Toby Conway owns the 10-year-old Staffordshire terrier cross, Stan, who was left unleashed outside the store. Conway is pleading for leniency. He has been told not to take the dog out in public.

A council spokesman this week said dogs were not automatically put down.

Most dog bite investigations took four to six weeks. A decision would then be made on enforcement action and there could be delays in the court process.

The spokesman also revealed that in the last six months there have been 68 dog bite incidents on people recorded in the former Waitakere city area, 83 in central Auckland, 121 in Manukay and 56 in the former North Shore and Rodney council areas.

Oracle's story prompted more 20 letters to the editor from members of the public, including one woman who said she cried and others who relived similar experiences.

Some could not believe Stan had not been put down.
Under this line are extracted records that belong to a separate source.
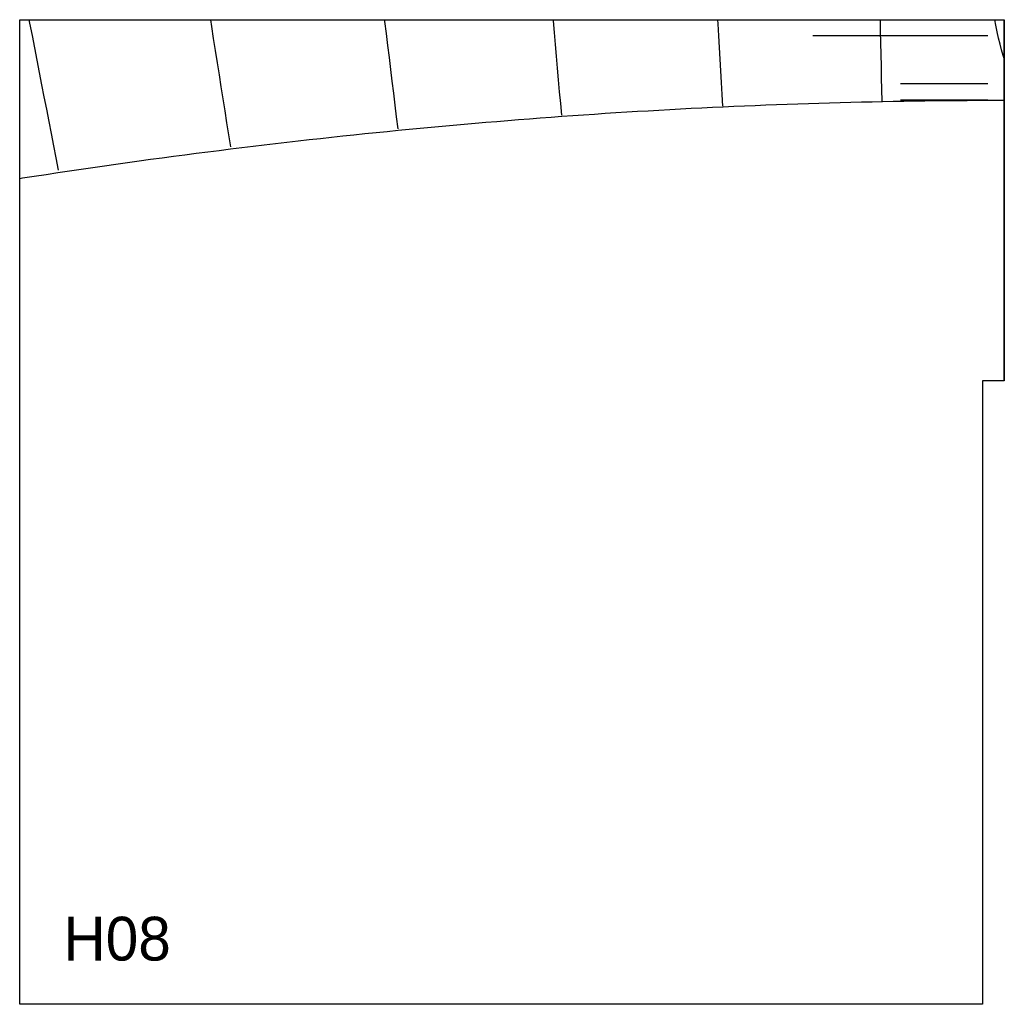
# Model space of a CAD drawing. Header units: millimetres. Extents: x 0 to 900, y 0 to 900.
import ezdxf

# ---------------------------------------------------------------- set-up
doc = ezdxf.new("R2010")
doc.units = ezdxf.units.MM
for name, color, linetype in [('CUT', 1, 'Continuous'), ('DECL', 30, 'Continuous'), ('HOUR', 7, 'Continuous'), ('HOUR15', 9, 'Continuous'), ('HOUR30', 8, 'Continuous'), ('ID', 3, 'Continuous'), ('MERID', 40, 'Continuous'), ('NOON', 6, 'Continuous'), ('TICKS', 2, 'Continuous')]:
    doc.layers.add(name, color=color, linetype=linetype)

msp = doc.modelspace()

# ---------------------------------------------------------------- linework, layer by layer
at = {"layer": 'CUT'}
msp.add_lwpolyline([(0, 900), (900, 900), (900, 570), (880, 570), (880, 0), (0, 0), (0, 900)], close=True, dxfattribs=at)
at = {"layer": 'DECL'}
msp.add_lwpolyline([(0, 754.95), (2.55, 755.35), (13.32, 757.01), (24.06, 758.64), (34.78, 760.25), (45.46, 761.84), (56.13, 763.41), (66.77, 764.96), (77.38, 766.48), (87.97, 767.98), (98.54, 769.47), (109.08, 770.93), (119.6, 772.37), (130.1, 773.78), (140.57, 775.18), (151.02, 776.56), (161.46, 777.92), (171.86, 779.25), (182.25, 780.57), (192.62, 781.86), (202.97, 783.14), (213.3, 784.39), (223.61, 785.62), (233.9, 786.84), (244.17, 788.03), (254.42, 789.21), (264.65, 790.36), (274.87, 791.5), (285.06, 792.62), (295.25, 793.71), (305.41, 794.79), (315.56, 795.85), (325.69, 796.89), (335.8, 797.91), (345.9, 798.91), (355.98, 799.89), (366.05, 800.85), (376.1, 801.8), (386.14, 802.72), (396.17, 803.63), (406.18, 804.52), (416.18, 805.39), (426.16, 806.24), (436.13, 807.07), (446.09, 807.89), (456.03, 808.69), (465.97, 809.46), (475.89, 810.23), (485.8, 810.97), (495.7, 811.69), (505.58, 812.4), (515.46, 813.09), (525.33, 813.76), (535.18, 814.41), (545.03, 815.05), (554.86, 815.66), (564.69, 816.26), (574.51, 816.84), (584.32, 817.41), (594.12, 817.96), (603.91, 818.48), (613.7, 819), (623.47, 819.49), (633.24, 819.97), (643, 820.43), (652.76, 820.87), (662.51, 821.3), (672.25, 821.7), (681.99, 822.09), (691.72, 822.47), (701.44, 822.82), (711.16, 823.16), (720.88, 823.49), (730.59, 823.79), (740.29, 824.08), (749.99, 824.35), (759.69, 824.6), (769.38, 824.84), (779.07, 825.06), (788.76, 825.26), (798.44, 825.45), (808.12, 825.62), (817.8, 825.77), (827.47, 825.91), (837.15, 826.02), (846.82, 826.13), (856.49, 826.21), (866.16, 826.28), (875.83, 826.33), (885.5, 826.36), (895.17, 826.38), (900, 826.38)], dxfattribs=at)
at = {"layer": 'HOUR'}
msp.add_lwpolyline([(333.37, 900), (333.58, 898.3), (334.91, 887.35), (336.25, 876.42), (337.59, 865.51), (338.92, 854.61), (340.25, 843.73), (341.59, 832.86), (342.91, 822.01), (344.24, 811.16), (345.57, 800.33)], dxfattribs=at)
at = {"layer": 'HOUR15'}
for points in [[(174.27, 900), (175.24, 893.84), (176.99, 882.76), (178.73, 871.69), (180.48, 860.64), (182.22, 849.6), (183.96, 838.58), (185.69, 827.58), (187.43, 816.59), (189.16, 805.61), (190.89, 794.65), (192.61, 783.7)], [(487.44, 900), (487.53, 899.01), (488.48, 888.18), (489.44, 877.36), (490.39, 866.55), (491.34, 855.76), (492.29, 844.98), (493.24, 834.21), (494.19, 823.46), (495.14, 812.72)], [(786.39, 900), (786.62, 889.61), (786.85, 878.9), (787.09, 868.2), (787.32, 857.52), (787.56, 846.84), (787.79, 836.18), (788.02, 825.53)]]:
    msp.add_lwpolyline(points, dxfattribs=at)
at = {"layer": 'HOUR30'}
for points in [[(8.45, 900), (9.08, 896.76), (11.28, 885.48), (13.47, 874.21), (15.66, 862.97), (17.84, 851.74), (20.02, 840.53), (22.2, 829.34), (24.37, 818.17), (26.54, 807.01), (28.71, 795.87), (30.87, 784.75), (33.04, 773.63), (35.19, 762.54)], [(637.99, 900), (638.2, 896.1), (638.79, 885.35), (639.38, 874.6), (639.97, 863.87), (640.56, 853.15), (641.14, 842.45), (641.73, 831.75), (642.32, 821.07)]]:
    msp.add_lwpolyline(points, dxfattribs=at)
at = {"layer": 'MERID'}
msp.add_lwpolyline([(900, 570), (900, 900)], dxfattribs=at)
at = {"layer": 'NOON'}
msp.add_lwpolyline([(900, 864.47), (899.05, 867.35), (897.56, 872.33), (896.14, 877.58), (894.78, 883.1), (893.5, 888.9), (892.28, 894.97), (891.38, 900)], dxfattribs=at)
at = {"layer": 'TICKS'}
for points in [[(885, 885.36), (725, 885.36)], [(885, 841.43), (805, 841.43)], [(885, 826.33), (805, 826.33)]]:
    msp.add_lwpolyline(points, dxfattribs=at)

# ---------------------------------------------------------------- texts
at = {"layer": 'ID'}
msp.add_text('H08', height=40, dxfattribs=at).set_placement((40, 40))

doc.saveas('drawing.dxf')

However, a large number of writers blamed Oracle's family for allowing the child to pat a stranger's dog.

Oracle's grandmother, Moana Wepiha-Reo, said she was upset that some people felt her grandson was to blame. She said the dog was not tied up and was lying across the shop's doorway. She asked whether the shopping area was "meant for dogs or human beings?"

She said she and Oracle's mum were just steps behind Oracle and his sister when they crouched down to pat the dog.

Wepiha-Reo said a council worker came to their home on Monday to take statements and remarked it could take longer than six months for the matter to be dealt with by the court. So she was organising a march but was yet to choose a date. She did not want it to happen to anyone else.